I recently finished reading a book on the history of the Bayes’ theorem (appropriately called the theory that would not die) and thought you may enjoy my notes from it.
1/ Statistics is all about calculating probabilities, and there are two camps who interpret probability differently.
- Frequentists = frequency of events over multiple trials
- Bayesians = subjective belief of the outcome of events
Download Free: A/B Testing Guide
2/ This philosophical divide informs what these two camps usually bother with.
- Frequentists = probability of data, given a model (of how data could have been generated)
- Bayesians = probability of model, given the data
3/ Most often we care about the latter question and that is what the Bayesian way of thinking helps with.
For example, given that the mammography test is positive, we want to know what the probability of having breast cancer is. And given breast cancer, we usually don’t care about the probability of the test being positive.
4/ These two questions sound similar but have different answers.
For example, imagine that 80% of mammograms detect breast cancer when it’s there and ~90% come out as negative when it’s not there (which means for 10% times it comes as positive even if it’s not there).
Then if only 1% population has breast cancer, the probability of having it given a positive test is 7.4%.
5/ Read that again:
80% times the mammography test works and yet if you get a positive, your chances of having breast cancer are only 7.4%.
How is it possible?
6/ The math is simple:
- Chances that the test is positive when a patient has breast cancer = chances of detecting breast cancer when a patient has it * chances of having breast cancer in the first place = 80% * 1% = 0.8%
- Chances that test is positive when a patient does NOT have breast cancer = chances of detecting breast cancer when a patient DOESN’T have it * chances of NOT having breast cancer in the first place = 10% * 99% = 9.9%
Now, the chances of having breast cancer on a positive mammogram are simply:
% times you get a positive mammogram if you have breast cancer / % times you can get a positive mammogram.

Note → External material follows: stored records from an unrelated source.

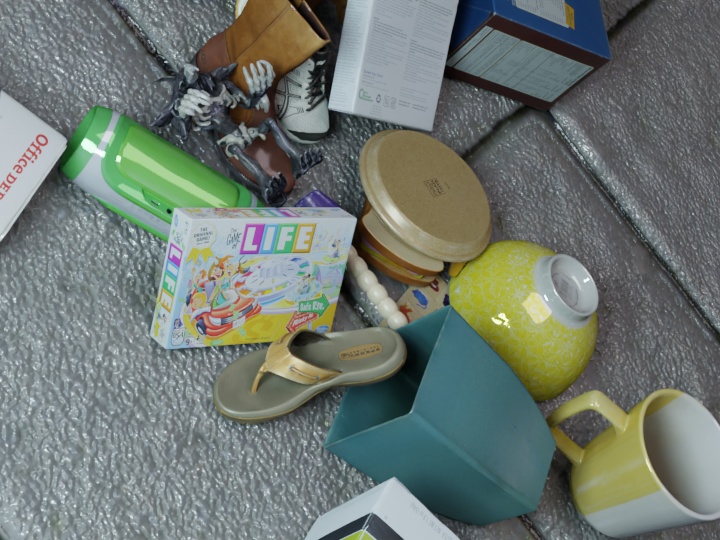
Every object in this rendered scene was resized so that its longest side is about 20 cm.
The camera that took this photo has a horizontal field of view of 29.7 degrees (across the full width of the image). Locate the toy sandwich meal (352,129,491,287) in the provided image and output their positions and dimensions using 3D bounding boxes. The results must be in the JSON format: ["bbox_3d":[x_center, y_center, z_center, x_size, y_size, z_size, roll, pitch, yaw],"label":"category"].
[{"bbox_3d":[0.066,-0.072,1.574,0.205,0.070,0.206,22,46,-24],"label":"toy sandwich meal"}]

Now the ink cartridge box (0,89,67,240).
[{"bbox_3d":[-0.387,-0.113,1.216,0.200,0.084,0.146,38,47,-15],"label":"ink cartridge box"}]

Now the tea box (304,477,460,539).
[{"bbox_3d":[0.025,0.339,1.244,0.200,0.134,0.197,43,47,-11],"label":"tea box"}]

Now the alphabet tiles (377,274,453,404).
[{"bbox_3d":[0.102,0.089,1.545,0.166,0.006,0.200,47,45,-6],"label":"alphabet tiles"}]

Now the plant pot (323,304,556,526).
[{"bbox_3d":[0.096,0.167,1.403,0.200,0.141,0.142,41,49,-20],"label":"plant pot"}]

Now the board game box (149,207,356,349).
[{"bbox_3d":[-0.104,0.005,1.349,0.199,0.135,0.034,-3,24,-39],"label":"board game box"}]

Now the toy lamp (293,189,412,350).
[{"bbox_3d":[0.000,0.000,1.476,0.200,0.058,0.058,51,45,3],"label":"toy lamp"}]

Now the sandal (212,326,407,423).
[{"bbox_3d":[-0.051,0.089,1.337,0.199,0.054,0.080,-15,50,-8],"label":"sandal"}]

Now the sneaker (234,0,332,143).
[{"bbox_3d":[-0.067,-0.220,1.488,0.076,0.087,0.200,-52,134,-33],"label":"sneaker"}]

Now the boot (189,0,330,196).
[{"bbox_3d":[-0.085,-0.195,1.426,0.068,0.200,0.189,-18,77,-43],"label":"boot"}]

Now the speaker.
[{"bbox_3d":[-0.195,-0.082,1.353,0.200,0.088,0.089,31,49,-21],"label":"speaker"}]

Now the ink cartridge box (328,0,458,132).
[{"bbox_3d":[0.044,-0.270,1.571,0.199,0.040,0.201,4,101,-60],"label":"ink cartridge box"}]

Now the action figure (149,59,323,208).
[{"bbox_3d":[-0.130,-0.159,1.355,0.200,0.102,0.119,41,61,17],"label":"action figure"}]

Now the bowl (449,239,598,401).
[{"bbox_3d":[0.213,0.040,1.584,0.200,0.108,0.201,23,49,-29],"label":"bowl"}]

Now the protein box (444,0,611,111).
[{"bbox_3d":[0.201,-0.349,1.794,0.199,0.135,0.199,14,56,-32],"label":"protein box"}]

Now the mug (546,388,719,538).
[{"bbox_3d":[0.308,0.214,1.533,0.149,0.153,0.187,-21,78,-43],"label":"mug"}]

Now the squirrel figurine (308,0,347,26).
[{"bbox_3d":[-0.044,-0.374,1.567,0.186,0.200,0.142,-16,80,-52],"label":"squirrel figurine"}]
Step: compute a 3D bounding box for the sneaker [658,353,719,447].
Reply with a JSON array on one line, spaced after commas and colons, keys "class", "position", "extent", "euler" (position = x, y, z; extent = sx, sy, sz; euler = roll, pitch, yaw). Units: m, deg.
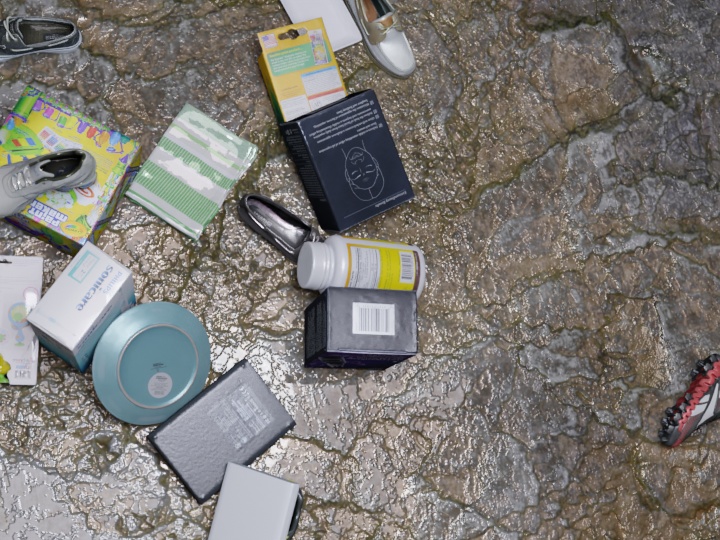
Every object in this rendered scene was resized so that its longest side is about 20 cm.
[{"class": "sneaker", "position": [0.615, 0.248, 1.829], "extent": [0.098, 0.071, 0.200], "euler": [41, 70, 1]}]

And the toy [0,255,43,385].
[{"class": "toy", "position": [-0.561, 0.078, 1.594], "extent": [0.115, 0.047, 0.200], "euler": [3, 79, -16]}]

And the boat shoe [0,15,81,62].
[{"class": "boat shoe", "position": [-0.567, -0.395, 1.691], "extent": [0.200, 0.071, 0.072], "euler": [-11, 80, -15]}]

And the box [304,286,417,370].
[{"class": "box", "position": [-0.004, 0.097, 1.646], "extent": [0.148, 0.200, 0.105], "euler": [3, 77, -12]}]

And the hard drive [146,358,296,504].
[{"class": "hard drive", "position": [-0.222, 0.257, 1.636], "extent": [0.200, 0.033, 0.140], "euler": [-39, 94, -19]}]

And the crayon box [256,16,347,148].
[{"class": "crayon box", "position": [-0.098, -0.328, 1.787], "extent": [0.126, 0.052, 0.200], "euler": [-18, 92, -17]}]

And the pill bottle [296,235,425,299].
[{"class": "pill bottle", "position": [0.000, 0.000, 1.702], "extent": [0.200, 0.109, 0.109], "euler": [6, 75, -23]}]

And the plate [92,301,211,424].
[{"class": "plate", "position": [-0.320, 0.148, 1.597], "extent": [0.200, 0.026, 0.201], "euler": [-7, 103, -34]}]

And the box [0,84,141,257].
[{"class": "box", "position": [-0.484, -0.152, 1.628], "extent": [0.200, 0.122, 0.193], "euler": [28, 72, -6]}]

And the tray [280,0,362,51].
[{"class": "tray", "position": [-0.088, -0.484, 1.856], "extent": [0.107, 0.022, 0.200], "euler": [-26, 84, -19]}]

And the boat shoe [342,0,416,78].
[{"class": "boat shoe", "position": [0.037, -0.441, 1.852], "extent": [0.075, 0.068, 0.200], "euler": [-35, 87, -18]}]

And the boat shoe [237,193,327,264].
[{"class": "boat shoe", "position": [-0.121, -0.064, 1.730], "extent": [0.200, 0.057, 0.067], "euler": [33, 72, -4]}]

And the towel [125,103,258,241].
[{"class": "towel", "position": [-0.286, -0.168, 1.733], "extent": [0.152, 0.023, 0.200], "euler": [32, 72, -4]}]

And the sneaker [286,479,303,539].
[{"class": "sneaker", "position": [-0.146, 0.420, 1.595], "extent": [0.074, 0.085, 0.200], "euler": [22, 73, -7]}]

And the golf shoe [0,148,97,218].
[{"class": "golf shoe", "position": [-0.492, -0.140, 1.510], "extent": [0.200, 0.097, 0.078], "euler": [-24, 86, -15]}]

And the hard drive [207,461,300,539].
[{"class": "hard drive", "position": [-0.174, 0.408, 1.563], "extent": [0.132, 0.026, 0.200], "euler": [11, 83, 33]}]

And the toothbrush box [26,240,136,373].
[{"class": "toothbrush box", "position": [-0.419, 0.061, 1.551], "extent": [0.085, 0.200, 0.147], "euler": [34, 72, -1]}]

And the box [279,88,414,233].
[{"class": "box", "position": [-0.023, -0.185, 1.727], "extent": [0.148, 0.107, 0.200], "euler": [-25, 102, -17]}]
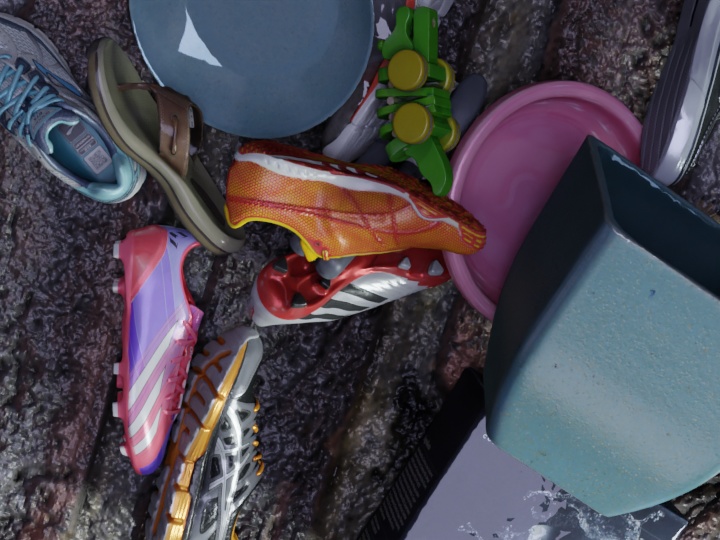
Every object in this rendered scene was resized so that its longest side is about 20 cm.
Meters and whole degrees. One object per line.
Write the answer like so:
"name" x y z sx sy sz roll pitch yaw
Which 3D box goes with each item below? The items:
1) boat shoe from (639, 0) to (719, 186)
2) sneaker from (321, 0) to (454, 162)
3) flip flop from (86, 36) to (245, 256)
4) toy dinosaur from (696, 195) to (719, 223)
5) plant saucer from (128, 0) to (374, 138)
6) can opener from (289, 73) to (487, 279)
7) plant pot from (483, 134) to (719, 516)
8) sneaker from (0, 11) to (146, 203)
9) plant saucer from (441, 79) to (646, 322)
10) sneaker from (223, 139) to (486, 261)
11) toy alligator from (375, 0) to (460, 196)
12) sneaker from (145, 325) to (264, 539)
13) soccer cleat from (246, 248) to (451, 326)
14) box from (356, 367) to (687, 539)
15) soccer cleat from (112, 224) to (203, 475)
"boat shoe" 0.278 -0.152 1.471 0.070 0.072 0.201 24 77 -14
"sneaker" 0.010 -0.182 1.475 0.082 0.077 0.201 29 96 17
"flip flop" -0.142 -0.100 1.452 0.057 0.081 0.201 -28 108 21
"toy dinosaur" 0.295 -0.020 1.509 0.199 0.101 0.058 -33 67 -2
"plant saucer" -0.080 -0.203 1.444 0.199 0.039 0.203 7 114 16
"can opener" 0.026 -0.081 1.447 0.053 0.067 0.200 42 66 -2
"plant pot" 0.192 0.058 1.383 0.196 0.196 0.200 33 110 -11
"sneaker" -0.243 -0.128 1.439 0.200 0.086 0.078 39 95 -10
"plant saucer" 0.144 -0.051 1.485 0.199 0.051 0.202 -6 103 -25
"sneaker" -0.004 -0.040 1.393 0.198 0.073 0.078 14 106 -6
"toy alligator" 0.035 -0.152 1.407 0.054 0.059 0.202 -9 83 27
"sneaker" -0.112 0.141 1.513 0.077 0.078 0.202 14 102 -21
"soccer cleat" 0.000 0.000 1.499 0.199 0.085 0.069 -18 80 -25
"box" 0.122 0.221 1.522 0.196 0.117 0.201 31 95 -10
"soccer cleat" -0.158 0.064 1.494 0.076 0.067 0.202 -1 97 -3
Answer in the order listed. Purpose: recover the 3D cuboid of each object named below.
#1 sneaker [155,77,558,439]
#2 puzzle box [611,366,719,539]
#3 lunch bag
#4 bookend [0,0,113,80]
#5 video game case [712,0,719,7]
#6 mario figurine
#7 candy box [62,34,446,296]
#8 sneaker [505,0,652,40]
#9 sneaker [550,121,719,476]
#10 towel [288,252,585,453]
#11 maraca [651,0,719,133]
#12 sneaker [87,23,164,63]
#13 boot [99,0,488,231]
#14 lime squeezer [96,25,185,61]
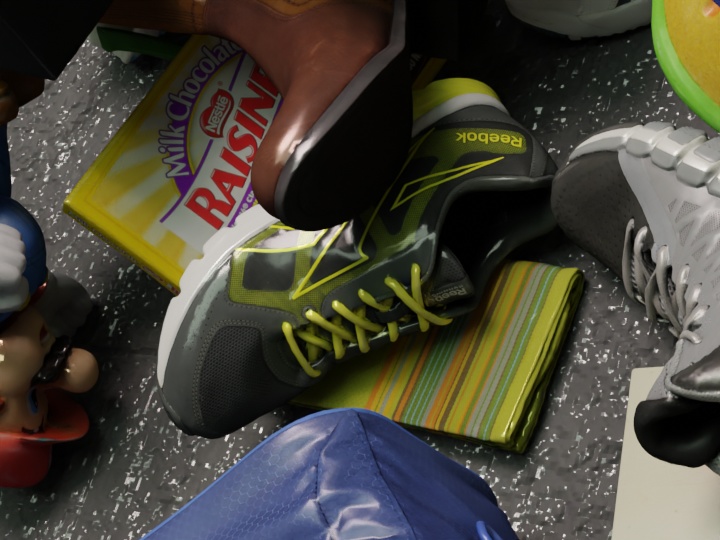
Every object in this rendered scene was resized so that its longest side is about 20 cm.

We calculated these numbers above, so this becomes
0.8%/(0.8%+9.9%) = 7.4%.
Voila! So even if a test works 80% of the times, it may not be very useful (if population incidence rate is low, which is 1% in this case). This is why doctors recommend taking multiple tests, even after a positive detection.
7/ When you understand Bayes’ theorem, you realize that it is nothing but arithmetic.
It’s perhaps the simplest but most powerful framework I know. If you want to build a better intuition about it, I recommend reading this visual introduction to Bayes’ theorem (which also contains the breast cancer example we talked about).
Download Free: A/B Testing Guide
8/ The key idea behind being a Bayesian is that *everything* has a probability.
So instead of thinking in certainties (yes/no), you start thinking about chances and odds.
9/ Today, Bayes’ theorem powers many apps we use daily because it helps answer questions like:
- Given an e-mail, what’s the probability of it being spam?
- Given an ad, what’s the probability of it being clicked?
- Given the DNA, is the accused the culprit?
- And, of course, given the data, is variation better than the control in an A/B test? (FYI – we use Bayesian statistics in VWO)
10/ That’s it! Hope you also fall in love with the Bayesian way of looking at the world.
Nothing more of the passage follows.